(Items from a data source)
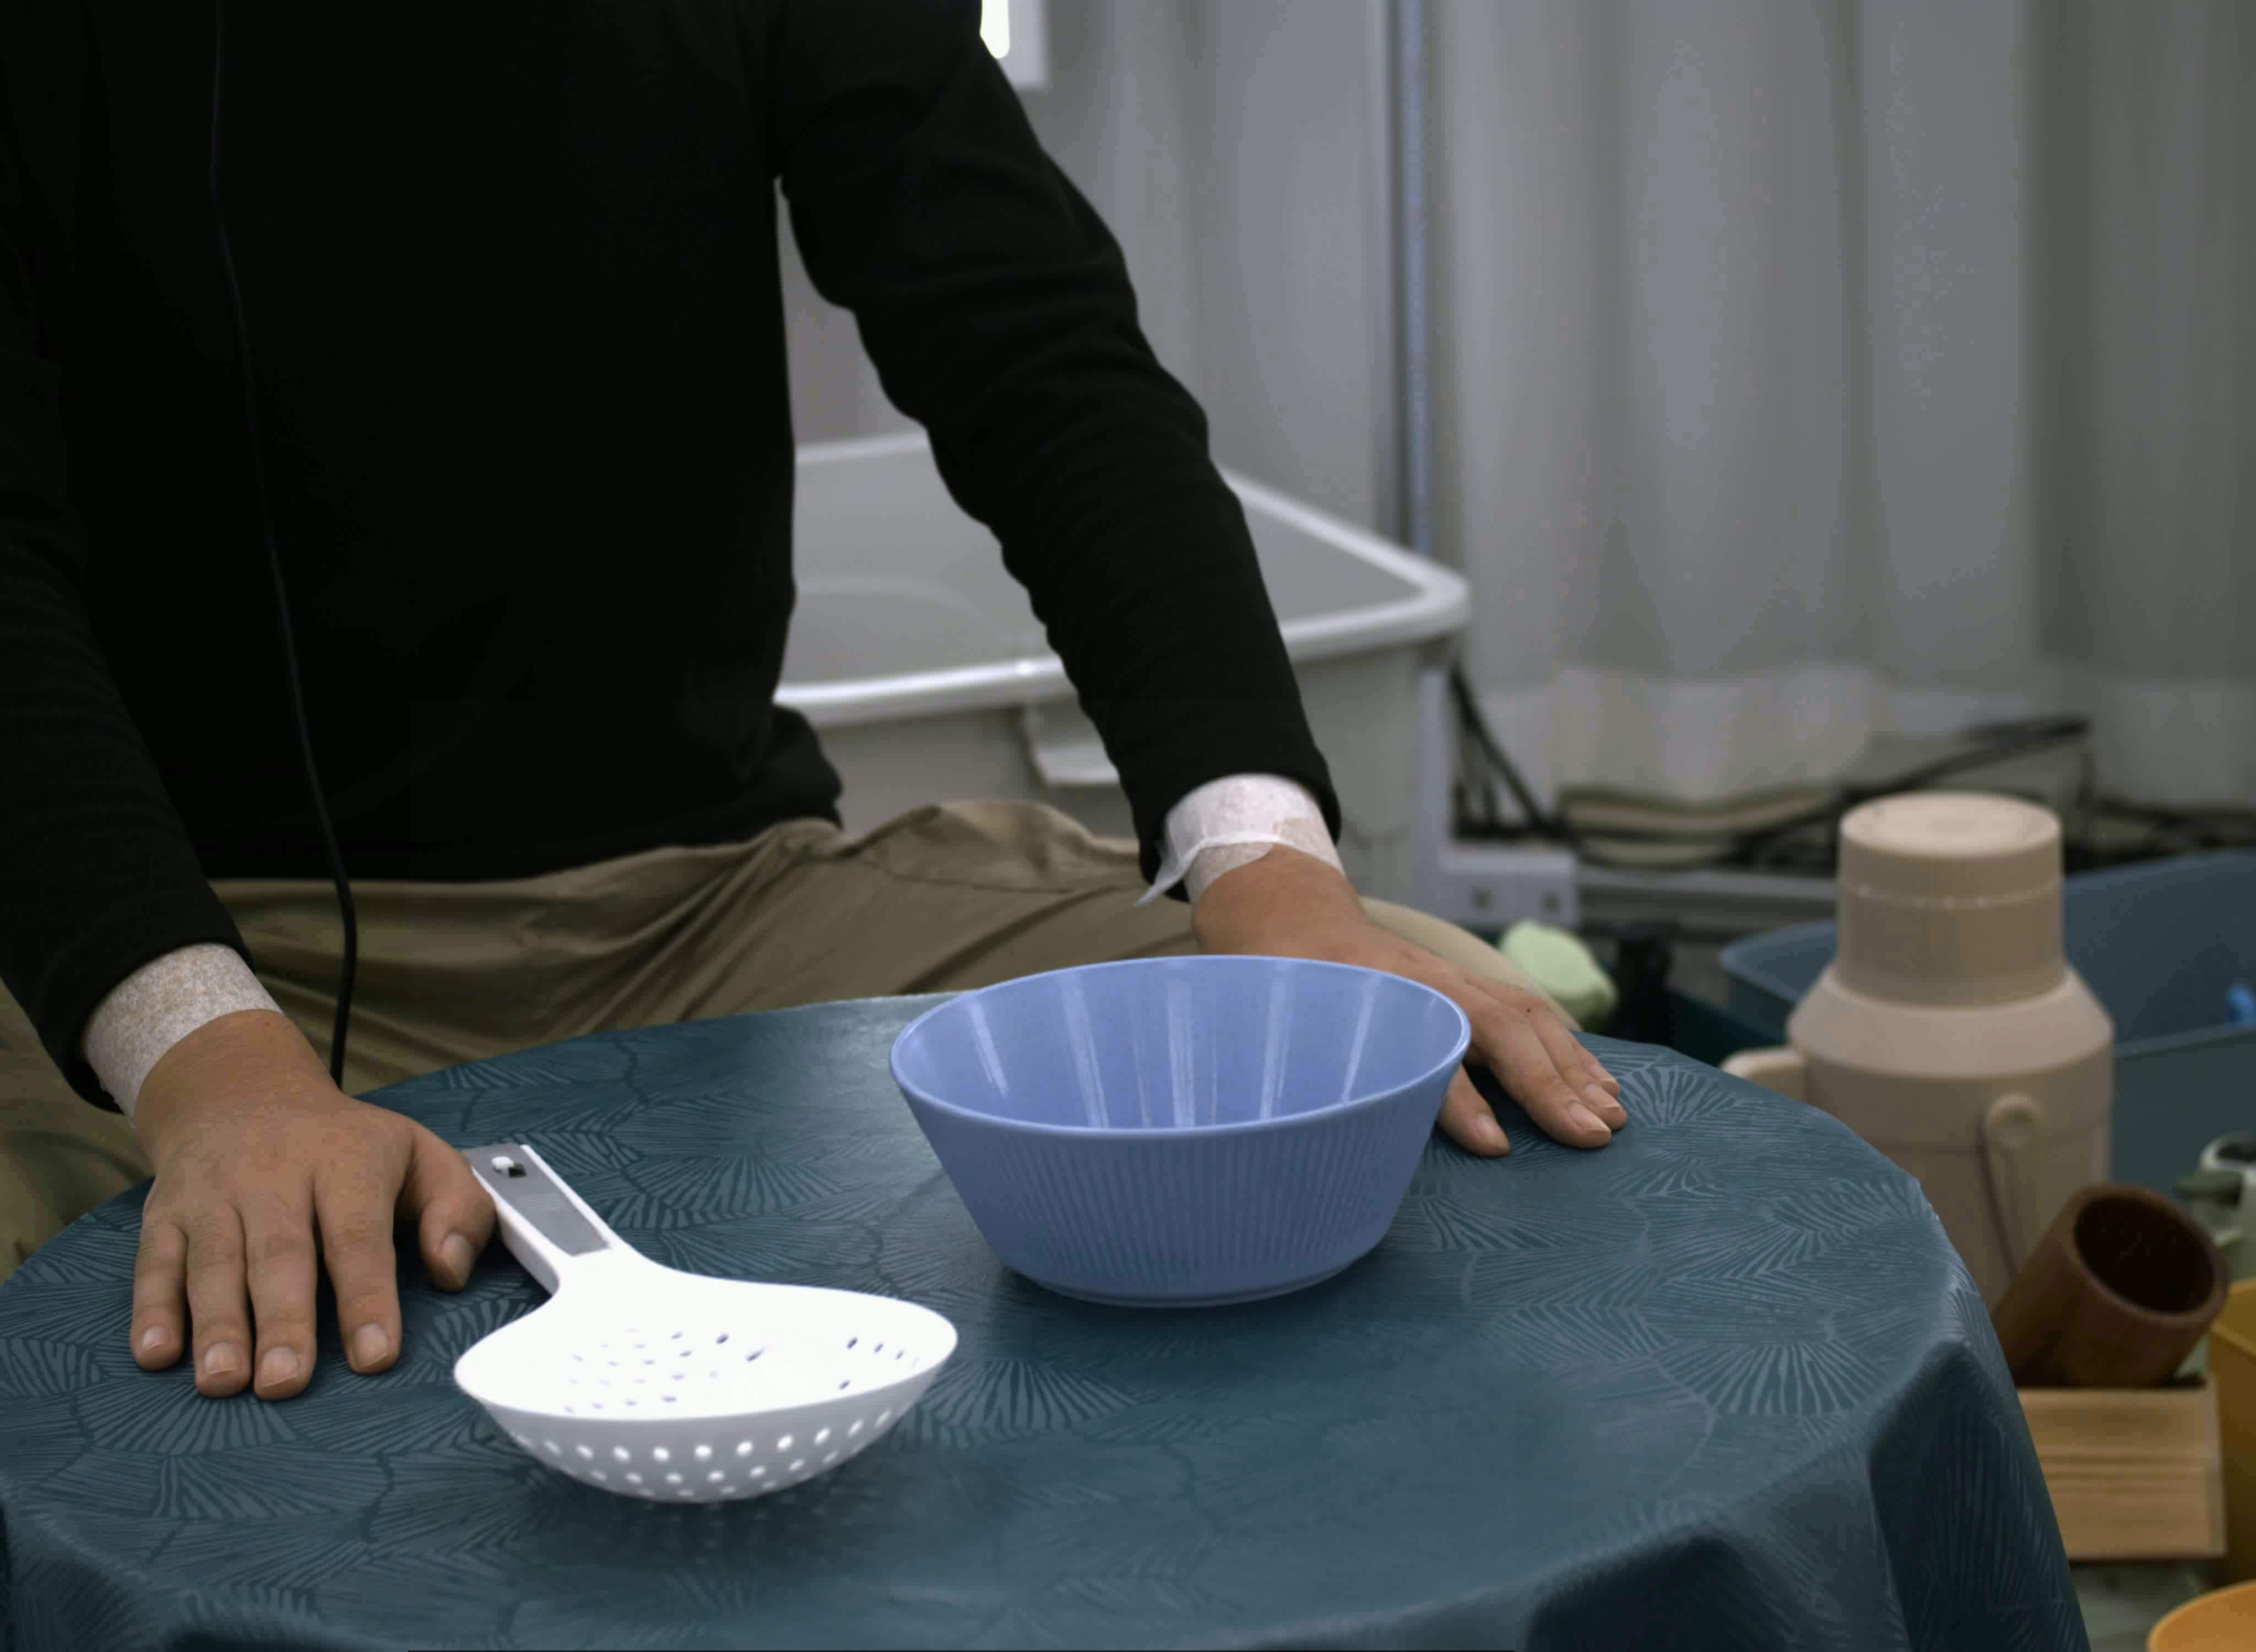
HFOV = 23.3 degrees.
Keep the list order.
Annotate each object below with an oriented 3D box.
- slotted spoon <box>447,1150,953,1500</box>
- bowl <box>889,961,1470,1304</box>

Problem –
Repeat the records exactly but leave out the images.

Answer box –
HFOV = 23.3 degrees.
Keep the list order.
Annotate each object below with an oriented 3D box.
- slotted spoon <box>447,1150,953,1500</box>
- bowl <box>889,961,1470,1304</box>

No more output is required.